[Opening Provided information section]
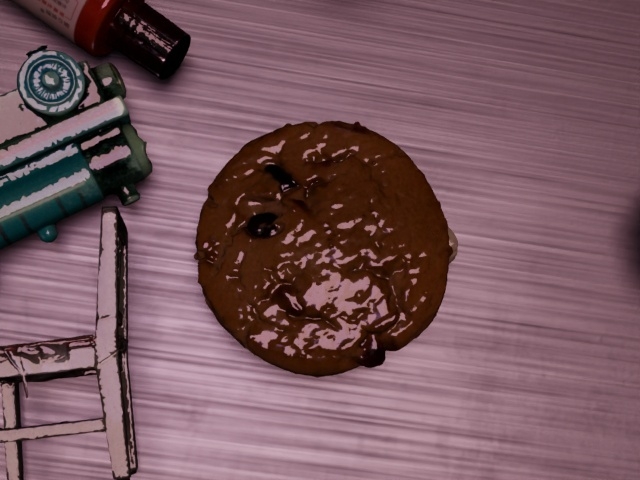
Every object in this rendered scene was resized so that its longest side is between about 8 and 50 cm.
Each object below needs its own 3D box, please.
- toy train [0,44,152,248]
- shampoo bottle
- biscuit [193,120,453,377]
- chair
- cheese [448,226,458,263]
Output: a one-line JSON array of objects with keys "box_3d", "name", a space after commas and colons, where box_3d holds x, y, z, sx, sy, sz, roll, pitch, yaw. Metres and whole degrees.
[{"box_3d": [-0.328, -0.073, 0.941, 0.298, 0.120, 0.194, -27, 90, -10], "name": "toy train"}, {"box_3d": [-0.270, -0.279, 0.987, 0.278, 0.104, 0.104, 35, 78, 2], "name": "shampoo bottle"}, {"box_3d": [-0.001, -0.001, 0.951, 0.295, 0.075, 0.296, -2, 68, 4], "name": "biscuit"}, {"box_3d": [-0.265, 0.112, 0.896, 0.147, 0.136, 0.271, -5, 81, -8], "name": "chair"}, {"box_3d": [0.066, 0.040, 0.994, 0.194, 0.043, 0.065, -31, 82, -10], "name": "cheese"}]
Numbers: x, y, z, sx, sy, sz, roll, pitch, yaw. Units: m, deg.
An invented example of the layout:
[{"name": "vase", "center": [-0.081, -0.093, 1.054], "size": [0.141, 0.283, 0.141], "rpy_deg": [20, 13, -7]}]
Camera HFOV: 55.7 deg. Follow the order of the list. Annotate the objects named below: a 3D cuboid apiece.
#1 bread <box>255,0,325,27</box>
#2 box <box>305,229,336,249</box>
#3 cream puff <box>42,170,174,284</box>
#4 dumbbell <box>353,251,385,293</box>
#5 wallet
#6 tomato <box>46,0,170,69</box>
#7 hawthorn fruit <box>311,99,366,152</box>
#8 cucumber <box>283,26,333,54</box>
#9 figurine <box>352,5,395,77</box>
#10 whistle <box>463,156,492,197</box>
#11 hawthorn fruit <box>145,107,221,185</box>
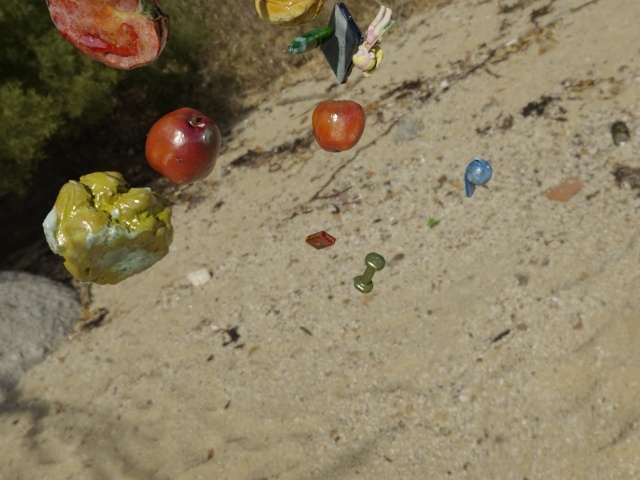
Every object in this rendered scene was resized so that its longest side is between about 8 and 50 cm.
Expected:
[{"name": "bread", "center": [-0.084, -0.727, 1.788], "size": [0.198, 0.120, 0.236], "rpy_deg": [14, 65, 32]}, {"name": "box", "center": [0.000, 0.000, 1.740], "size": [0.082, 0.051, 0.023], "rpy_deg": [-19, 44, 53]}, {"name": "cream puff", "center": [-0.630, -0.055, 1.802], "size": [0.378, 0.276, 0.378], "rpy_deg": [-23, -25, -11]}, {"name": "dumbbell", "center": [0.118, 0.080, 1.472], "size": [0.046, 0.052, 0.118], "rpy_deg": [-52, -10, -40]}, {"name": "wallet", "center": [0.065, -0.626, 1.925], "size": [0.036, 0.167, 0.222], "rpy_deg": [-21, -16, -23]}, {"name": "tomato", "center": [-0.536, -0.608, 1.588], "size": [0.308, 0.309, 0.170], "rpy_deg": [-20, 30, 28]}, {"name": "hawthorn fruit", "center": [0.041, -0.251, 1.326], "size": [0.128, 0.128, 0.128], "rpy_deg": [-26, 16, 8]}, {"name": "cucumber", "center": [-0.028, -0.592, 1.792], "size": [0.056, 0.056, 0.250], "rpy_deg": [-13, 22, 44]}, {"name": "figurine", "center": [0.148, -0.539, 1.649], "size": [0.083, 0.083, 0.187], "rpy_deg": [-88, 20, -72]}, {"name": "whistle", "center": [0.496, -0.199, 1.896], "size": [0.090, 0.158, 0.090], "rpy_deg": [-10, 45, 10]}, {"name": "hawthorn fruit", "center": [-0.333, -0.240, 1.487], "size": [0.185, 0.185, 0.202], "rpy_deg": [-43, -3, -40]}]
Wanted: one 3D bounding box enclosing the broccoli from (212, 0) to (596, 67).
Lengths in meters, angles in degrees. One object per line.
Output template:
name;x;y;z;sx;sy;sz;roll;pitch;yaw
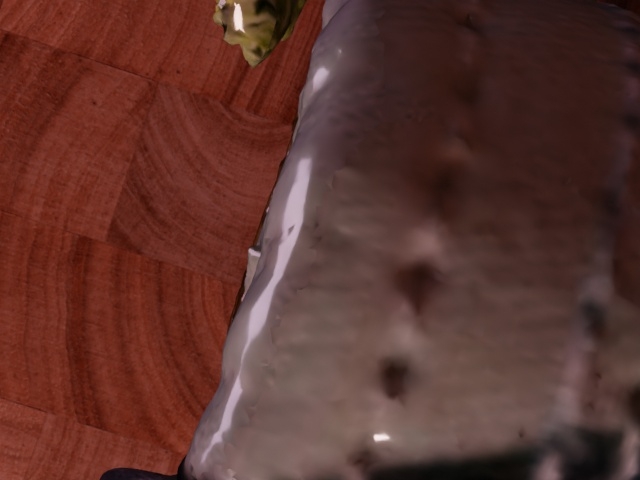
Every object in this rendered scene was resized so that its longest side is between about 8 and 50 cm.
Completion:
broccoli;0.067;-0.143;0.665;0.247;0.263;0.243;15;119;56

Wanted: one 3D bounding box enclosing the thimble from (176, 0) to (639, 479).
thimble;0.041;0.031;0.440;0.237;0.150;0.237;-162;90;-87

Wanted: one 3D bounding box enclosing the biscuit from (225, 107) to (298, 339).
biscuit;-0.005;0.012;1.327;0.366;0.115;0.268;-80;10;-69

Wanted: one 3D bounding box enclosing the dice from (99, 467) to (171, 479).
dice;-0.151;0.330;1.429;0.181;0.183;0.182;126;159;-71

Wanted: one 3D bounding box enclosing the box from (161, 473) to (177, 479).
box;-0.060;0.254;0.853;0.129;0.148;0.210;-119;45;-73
[Closing Provided information section]
▶ Brief:
Restate each line above exactly, keeping pictures out.

▶ Solution to this exercise:
Every object in this rendered scene was resized so that its longest side is between about 8 and 50 cm.
Each object below needs its own 3D box, please.
- toy train [0,44,152,248]
- shampoo bottle
- biscuit [193,120,453,377]
- chair
- cheese [448,226,458,263]
Output: a one-line JSON array of objects with keys "box_3d", "name", a space after commas and colons, where box_3d holds x, y, z, sx, sy, sz, roll, pitch, yaw. Metres and whole degrees.
[{"box_3d": [-0.328, -0.073, 0.941, 0.298, 0.120, 0.194, -27, 90, -10], "name": "toy train"}, {"box_3d": [-0.270, -0.279, 0.987, 0.278, 0.104, 0.104, 35, 78, 2], "name": "shampoo bottle"}, {"box_3d": [-0.001, -0.001, 0.951, 0.295, 0.075, 0.296, -2, 68, 4], "name": "biscuit"}, {"box_3d": [-0.265, 0.112, 0.896, 0.147, 0.136, 0.271, -5, 81, -8], "name": "chair"}, {"box_3d": [0.066, 0.040, 0.994, 0.194, 0.043, 0.065, -31, 82, -10], "name": "cheese"}]
Numbers: x, y, z, sx, sy, sz, roll, pitch, yaw. Units: m, deg.
An invented example of the layout:
[{"name": "vase", "center": [-0.081, -0.093, 1.054], "size": [0.141, 0.283, 0.141], "rpy_deg": [20, 13, -7]}]
Camera HFOV: 55.7 deg. Follow the order of the list. Annotate the objects named below: a 3D cuboid apiece.
#1 bread <box>255,0,325,27</box>
#2 box <box>305,229,336,249</box>
#3 cream puff <box>42,170,174,284</box>
#4 dumbbell <box>353,251,385,293</box>
#5 wallet
#6 tomato <box>46,0,170,69</box>
#7 hawthorn fruit <box>311,99,366,152</box>
#8 cucumber <box>283,26,333,54</box>
#9 figurine <box>352,5,395,77</box>
#10 whistle <box>463,156,492,197</box>
#11 hawthorn fruit <box>145,107,221,185</box>
Every object in this rendered scene was resized so that its longest side is between about 8 and 50 cm.
Expected:
[{"name": "bread", "center": [-0.084, -0.727, 1.788], "size": [0.198, 0.120, 0.236], "rpy_deg": [14, 65, 32]}, {"name": "box", "center": [0.000, 0.000, 1.740], "size": [0.082, 0.051, 0.023], "rpy_deg": [-19, 44, 53]}, {"name": "cream puff", "center": [-0.630, -0.055, 1.802], "size": [0.378, 0.276, 0.378], "rpy_deg": [-23, -25, -11]}, {"name": "dumbbell", "center": [0.118, 0.080, 1.472], "size": [0.046, 0.052, 0.118], "rpy_deg": [-52, -10, -40]}, {"name": "wallet", "center": [0.065, -0.626, 1.925], "size": [0.036, 0.167, 0.222], "rpy_deg": [-21, -16, -23]}, {"name": "tomato", "center": [-0.536, -0.608, 1.588], "size": [0.308, 0.309, 0.170], "rpy_deg": [-20, 30, 28]}, {"name": "hawthorn fruit", "center": [0.041, -0.251, 1.326], "size": [0.128, 0.128, 0.128], "rpy_deg": [-26, 16, 8]}, {"name": "cucumber", "center": [-0.028, -0.592, 1.792], "size": [0.056, 0.056, 0.250], "rpy_deg": [-13, 22, 44]}, {"name": "figurine", "center": [0.148, -0.539, 1.649], "size": [0.083, 0.083, 0.187], "rpy_deg": [-88, 20, -72]}, {"name": "whistle", "center": [0.496, -0.199, 1.896], "size": [0.090, 0.158, 0.090], "rpy_deg": [-10, 45, 10]}, {"name": "hawthorn fruit", "center": [-0.333, -0.240, 1.487], "size": [0.185, 0.185, 0.202], "rpy_deg": [-43, -3, -40]}]
Wanted: one 3D bounding box enclosing the broccoli from (212, 0) to (596, 67).
Lengths in meters, angles in degrees. One object per line.
Output template:
name;x;y;z;sx;sy;sz;roll;pitch;yaw
Every object in this rendered scene was resized so that its longest side is between about 8 and 50 cm.
Completion:
broccoli;0.067;-0.143;0.665;0.247;0.263;0.243;15;119;56

Wanted: one 3D bounding box enclosing the thimble from (176, 0) to (639, 479).
thimble;0.041;0.031;0.440;0.237;0.150;0.237;-162;90;-87

Wanted: one 3D bounding box enclosing the biscuit from (225, 107) to (298, 339).
biscuit;-0.005;0.012;1.327;0.366;0.115;0.268;-80;10;-69

Wanted: one 3D bounding box enclosing the dice from (99, 467) to (171, 479).
dice;-0.151;0.330;1.429;0.181;0.183;0.182;126;159;-71

Wanted: one 3D bounding box enclosing the box from (161, 473) to (177, 479).
box;-0.060;0.254;0.853;0.129;0.148;0.210;-119;45;-73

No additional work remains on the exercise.